Maximizing Information Gain in Partially Observable Environments via Prediction Reward

URL: http://arxiv.org/abs/2005.04912v1
Date: Mon, 11 May 2020 08:13:49 GMT
Title: Maximizing Information Gain in Partially Observable Environments via Prediction Reward
Authors: Yash Satsangi, Sungsu Lim, Shimon Whiteson, Frans Oliehoek, Martha White
Abstract summary: This paper tackles the challenge of using belief-based rewards for a deep RL agent. We derive the exact error between negative entropy and the expected prediction reward. This insight provides theoretical motivation for several fields using prediction rewards.
Score: 64.24528565312463
License: http://arxiv.org/licenses/nonexclusive-distrib/1.0/
Abstract: Information gathering in a partially observable environment can be formulated as a reinforcement learning (RL), problem where the reward depends on the agent's uncertainty.
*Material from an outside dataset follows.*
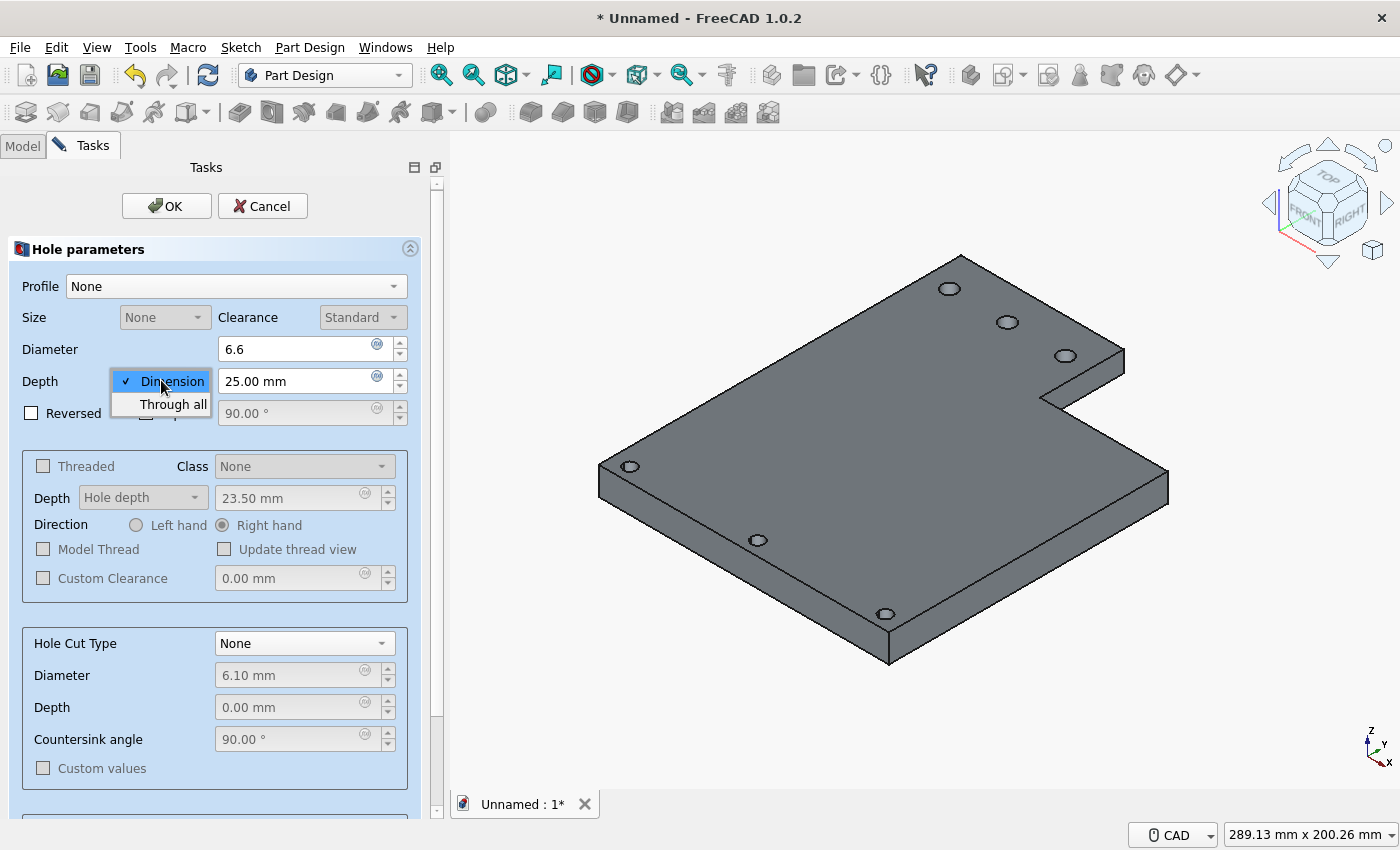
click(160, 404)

For example, the reward can be the negative entropy of the agent's belief over an unknown (or hidden) variable. Typically, the rewards of an RL agent are defined as a function of the state-action pairs and not as a function of the belief of the agent; this hinders the direct application of deep RL methods for such tasks. This paper tackles the challenge of using belief-based rewards for a deep RL agent, by offering a simple insight that maximizing any convex function of the belief of the agent can be approximated by instead maximizing a prediction reward: a reward based on prediction accuracy. In particular, we derive the exact error between negative entropy and the expected prediction reward. This insight provides theoretical motivation for several fields using prediction rewards---namely visual attention, question answering systems, and intrinsic motivation---and highlights their connection to the usually distinct fields of active perception, active sensing, and sensor placement. Based on this insight we present deep anticipatory networks (DANs), which enables an agent to take actions to reduce its uncertainty without performing explicit belief inference. We present two applications of DANs: building a sensor selection system for tracking people in a shopping mall and learning discrete models of attention on fashion MNIST and MNIST digit classification.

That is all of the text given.